§ **Task brief**
Where the string "degrees" occurs in a line of the data below, that line should be copied.

Start of Supplied data

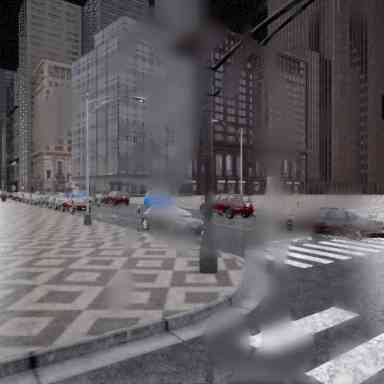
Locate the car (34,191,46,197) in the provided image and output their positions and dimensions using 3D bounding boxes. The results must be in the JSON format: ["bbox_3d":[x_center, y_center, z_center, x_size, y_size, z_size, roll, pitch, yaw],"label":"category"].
[{"bbox_3d":[-38.564,0.497,84.095,1.887,1.381,4.507,0,0,-36],"label":"car"}]

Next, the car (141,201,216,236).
[{"bbox_3d":[-1.073,1.368,16.956,2.008,1.369,4.403,1,0,-36],"label":"car"}]

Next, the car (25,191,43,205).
[{"bbox_3d":[-20.114,0.941,43.608,2.008,1.369,4.403,1,0,-36],"label":"car"}]

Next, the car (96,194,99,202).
[{"bbox_3d":[-13.173,0.937,48.558,2.008,1.369,4.403,1,0,-36],"label":"car"}]

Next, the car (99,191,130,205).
[{"bbox_3d":[-9.995,0.769,44.114,2.192,1.841,5.009,1,0,-36],"label":"car"}]

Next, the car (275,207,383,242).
[{"bbox_3d":[6.711,1.444,15.912,2.033,1.411,5.357,-1,1,-45],"label":"car"}]

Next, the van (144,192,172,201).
[{"bbox_3d":[-3.648,0.934,35.229,1.690,1.788,3.998,1,0,-36],"label":"van"}]

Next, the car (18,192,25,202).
[{"bbox_3d":[-23.287,0.876,48.050,2.008,1.369,4.403,1,0,-36],"label":"car"}]

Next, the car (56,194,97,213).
[{"bbox_3d":[-10.593,1.141,30.282,1.887,1.381,4.507,1,0,-36],"label":"car"}]

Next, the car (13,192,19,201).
[{"bbox_3d":[-26.459,0.703,52.491,1.967,1.590,4.097,1,0,-36],"label":"car"}]

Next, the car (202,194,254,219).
[{"bbox_3d":[2.700,1.053,26.344,2.192,1.841,5.009,1,0,-36],"label":"car"}]

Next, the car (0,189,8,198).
[{"bbox_3d":[-39.155,0.611,70.258,1.947,1.339,4.313,1,0,-36],"label":"car"}]

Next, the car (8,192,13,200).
[{"bbox_3d":[-29.634,0.748,56.933,1.887,1.381,4.507,1,0,-36],"label":"car"}]

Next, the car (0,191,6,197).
[{"bbox_3d":[-45.402,0.482,79.003,1.752,1.417,4.829,1,0,-36],"label":"car"}]

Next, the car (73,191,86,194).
[{"bbox_3d":[-16.217,0.969,48.381,1.895,1.301,4.718,0,1,-36],"label":"car"}]

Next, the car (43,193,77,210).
[{"bbox_3d":[-13.766,1.076,34.723,2.008,1.369,4.403,1,0,-36],"label":"car"}]
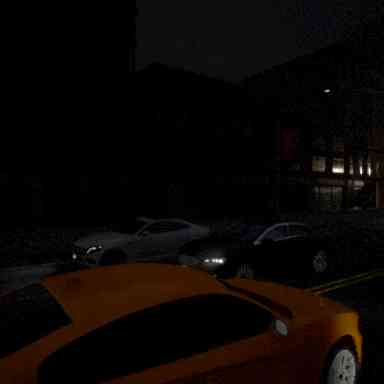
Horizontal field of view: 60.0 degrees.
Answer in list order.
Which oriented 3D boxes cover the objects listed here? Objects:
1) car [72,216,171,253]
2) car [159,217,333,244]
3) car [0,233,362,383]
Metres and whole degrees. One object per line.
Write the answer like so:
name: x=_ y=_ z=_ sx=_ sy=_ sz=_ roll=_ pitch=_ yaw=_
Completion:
car: x=-1.388 y=1.523 z=10.667 sx=4.674 sy=1.442 sz=1.812 roll=0 pitch=0 yaw=-36
car: x=1.839 y=1.488 z=8.987 sx=4.902 sy=1.511 sz=2.128 roll=0 pitch=0 yaw=-35
car: x=-0.308 y=1.477 z=3.219 sx=5.008 sy=1.535 sz=1.882 roll=0 pitch=0 yaw=-35
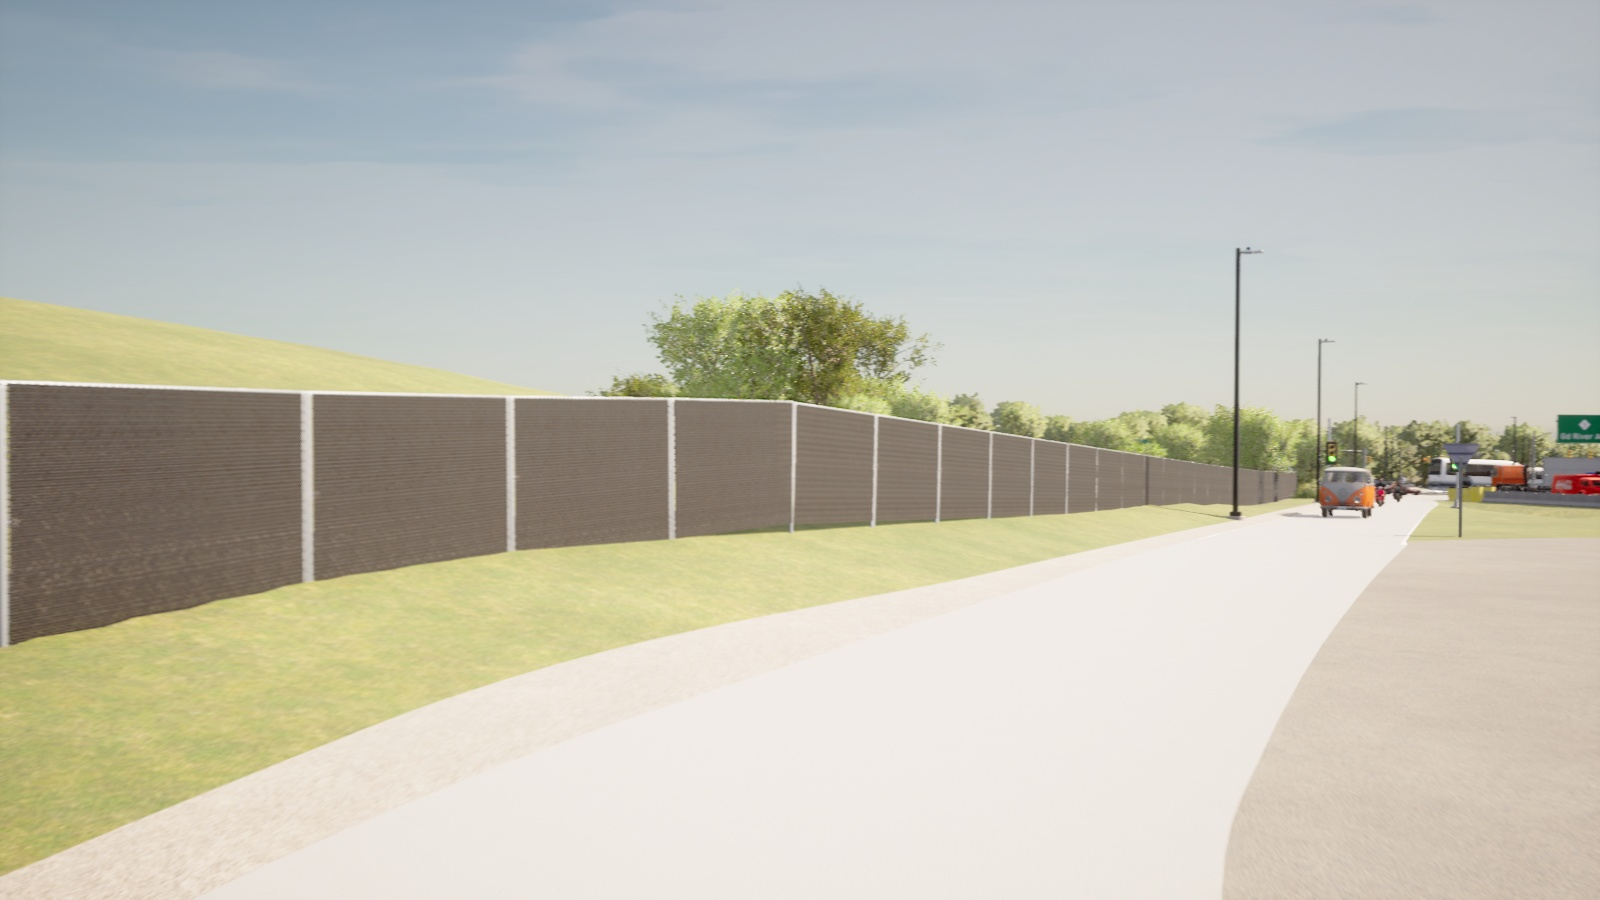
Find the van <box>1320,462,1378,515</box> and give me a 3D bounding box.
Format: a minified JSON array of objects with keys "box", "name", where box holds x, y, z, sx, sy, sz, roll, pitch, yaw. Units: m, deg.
[{"box":[21.828,1.512,49.836,1.775,1.987,4.442,0,-1,28],"name":"van"}]

End of Supplied data

§ **Written reply**
Horizontal field of view: 60.0 degrees.
Metres and whole degrees. One object per line.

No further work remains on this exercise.